**PROBLEM REQUIREMENTS:** In the listing below, locate the line that contains "MergeFiles: True" and the line that contains "UseBeta: True". Restate word for word those two lines and every line between them, and nothing else.

**DATA EXTRACT:**
::::::::::

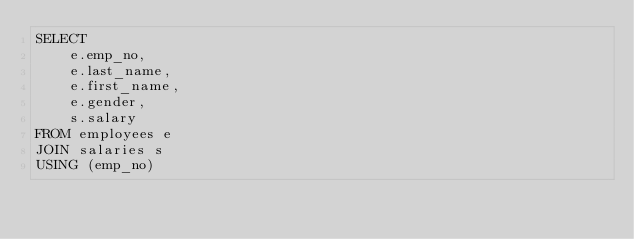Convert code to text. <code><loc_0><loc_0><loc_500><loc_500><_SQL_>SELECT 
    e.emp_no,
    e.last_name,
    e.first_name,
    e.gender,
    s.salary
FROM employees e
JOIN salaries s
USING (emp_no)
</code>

::::::::::

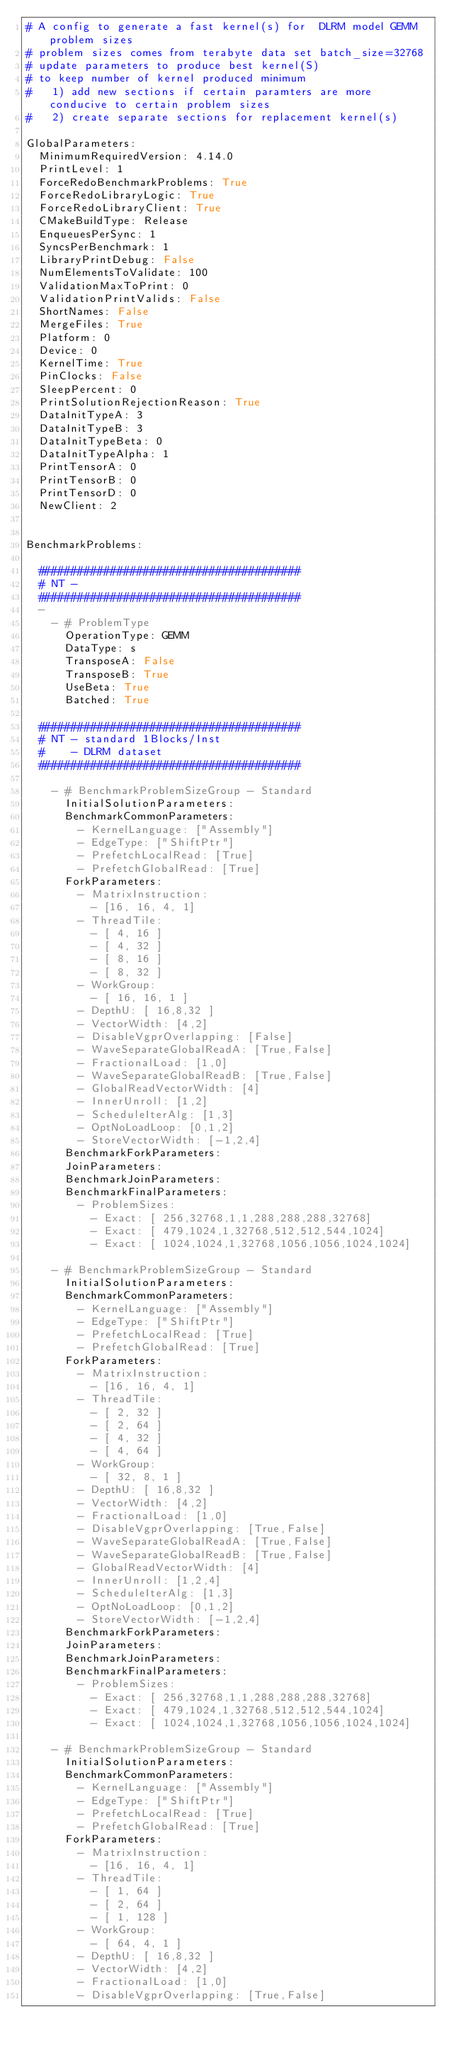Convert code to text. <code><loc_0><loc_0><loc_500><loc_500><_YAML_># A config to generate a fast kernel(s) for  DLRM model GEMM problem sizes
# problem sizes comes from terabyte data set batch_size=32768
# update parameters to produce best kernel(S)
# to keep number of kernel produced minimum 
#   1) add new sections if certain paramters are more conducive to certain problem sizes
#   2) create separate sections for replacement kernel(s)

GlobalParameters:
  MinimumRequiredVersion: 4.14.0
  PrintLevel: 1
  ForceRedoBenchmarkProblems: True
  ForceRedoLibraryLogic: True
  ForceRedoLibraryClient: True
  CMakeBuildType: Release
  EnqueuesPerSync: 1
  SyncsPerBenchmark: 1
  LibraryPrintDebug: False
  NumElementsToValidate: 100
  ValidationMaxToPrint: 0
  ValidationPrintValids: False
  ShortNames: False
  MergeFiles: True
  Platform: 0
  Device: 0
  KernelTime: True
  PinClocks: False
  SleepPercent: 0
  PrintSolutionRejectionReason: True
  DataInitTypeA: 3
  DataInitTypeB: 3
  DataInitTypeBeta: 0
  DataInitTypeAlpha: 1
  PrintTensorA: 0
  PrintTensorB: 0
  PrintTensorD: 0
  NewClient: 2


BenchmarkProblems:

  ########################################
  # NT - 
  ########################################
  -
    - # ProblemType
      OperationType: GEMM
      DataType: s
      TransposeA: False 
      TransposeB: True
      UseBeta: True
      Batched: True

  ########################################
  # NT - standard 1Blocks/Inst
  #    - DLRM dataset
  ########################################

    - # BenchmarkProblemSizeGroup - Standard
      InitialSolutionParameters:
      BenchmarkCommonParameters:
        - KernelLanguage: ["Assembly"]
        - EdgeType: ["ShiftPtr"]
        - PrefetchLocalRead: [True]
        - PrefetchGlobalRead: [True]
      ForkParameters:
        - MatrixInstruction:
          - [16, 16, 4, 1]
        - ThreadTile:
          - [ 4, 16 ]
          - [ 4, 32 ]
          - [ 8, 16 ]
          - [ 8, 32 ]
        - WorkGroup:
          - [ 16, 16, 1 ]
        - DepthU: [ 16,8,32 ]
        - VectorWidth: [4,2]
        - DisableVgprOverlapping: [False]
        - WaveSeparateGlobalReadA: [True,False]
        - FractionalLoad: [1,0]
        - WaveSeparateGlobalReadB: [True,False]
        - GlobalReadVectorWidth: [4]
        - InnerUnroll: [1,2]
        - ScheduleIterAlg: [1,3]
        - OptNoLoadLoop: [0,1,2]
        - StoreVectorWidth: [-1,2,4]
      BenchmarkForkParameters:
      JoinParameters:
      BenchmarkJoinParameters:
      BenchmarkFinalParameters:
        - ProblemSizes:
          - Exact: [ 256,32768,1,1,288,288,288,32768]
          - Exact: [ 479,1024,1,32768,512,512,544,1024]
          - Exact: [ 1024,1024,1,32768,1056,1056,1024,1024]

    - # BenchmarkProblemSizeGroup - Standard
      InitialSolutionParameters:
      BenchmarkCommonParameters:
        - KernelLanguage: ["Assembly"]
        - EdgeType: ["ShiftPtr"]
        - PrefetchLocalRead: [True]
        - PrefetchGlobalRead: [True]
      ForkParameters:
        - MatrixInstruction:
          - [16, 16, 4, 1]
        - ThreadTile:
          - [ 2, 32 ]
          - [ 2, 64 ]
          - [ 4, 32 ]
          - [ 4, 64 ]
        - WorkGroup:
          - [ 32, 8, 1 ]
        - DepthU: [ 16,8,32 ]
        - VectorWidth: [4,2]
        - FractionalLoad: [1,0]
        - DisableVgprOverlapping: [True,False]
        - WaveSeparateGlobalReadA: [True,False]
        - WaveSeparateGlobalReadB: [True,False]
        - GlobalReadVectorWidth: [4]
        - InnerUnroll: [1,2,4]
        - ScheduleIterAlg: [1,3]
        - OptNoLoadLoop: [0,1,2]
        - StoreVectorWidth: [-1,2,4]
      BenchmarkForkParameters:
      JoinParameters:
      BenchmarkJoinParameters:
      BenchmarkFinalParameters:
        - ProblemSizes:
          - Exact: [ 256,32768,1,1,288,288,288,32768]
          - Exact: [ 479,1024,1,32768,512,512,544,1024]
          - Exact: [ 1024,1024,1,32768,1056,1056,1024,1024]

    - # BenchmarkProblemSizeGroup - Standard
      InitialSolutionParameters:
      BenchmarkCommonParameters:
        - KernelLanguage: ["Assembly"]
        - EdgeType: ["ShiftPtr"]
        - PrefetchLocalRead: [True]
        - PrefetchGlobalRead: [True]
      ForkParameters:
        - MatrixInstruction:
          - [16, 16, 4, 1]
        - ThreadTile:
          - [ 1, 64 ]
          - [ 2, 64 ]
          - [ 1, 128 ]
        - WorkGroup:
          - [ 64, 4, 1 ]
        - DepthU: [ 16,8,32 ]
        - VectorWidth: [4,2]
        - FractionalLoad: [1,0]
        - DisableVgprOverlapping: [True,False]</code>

::::::::::

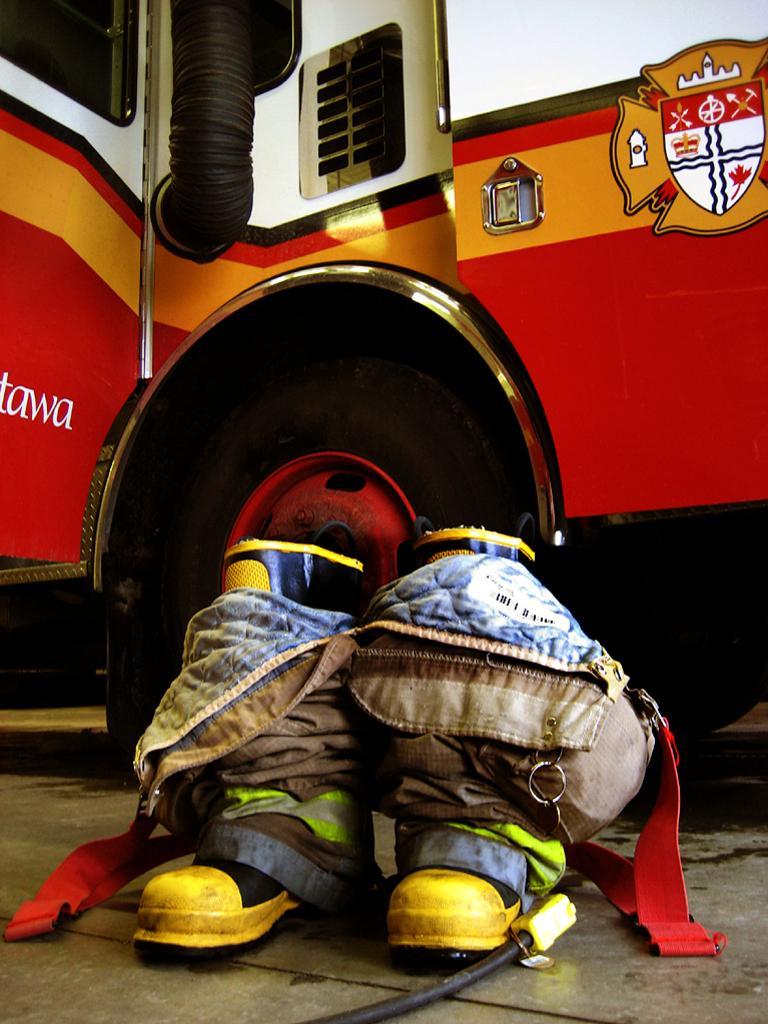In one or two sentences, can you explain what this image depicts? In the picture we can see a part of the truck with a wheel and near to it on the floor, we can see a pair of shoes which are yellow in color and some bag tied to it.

::::::::::

**REPLY:**
  MergeFiles: True
  Platform: 0
  Device: 0
  KernelTime: True
  PinClocks: False
  SleepPercent: 0
  PrintSolutionRejectionReason: True
  DataInitTypeA: 3
  DataInitTypeB: 3
  DataInitTypeBeta: 0
  DataInitTypeAlpha: 1
  PrintTensorA: 0
  PrintTensorB: 0
  PrintTensorD: 0
  NewClient: 2


BenchmarkProblems:

  ########################################
  # NT - 
  ########################################
  -
    - # ProblemType
      OperationType: GEMM
      DataType: s
      TransposeA: False 
      TransposeB: True
      UseBeta: True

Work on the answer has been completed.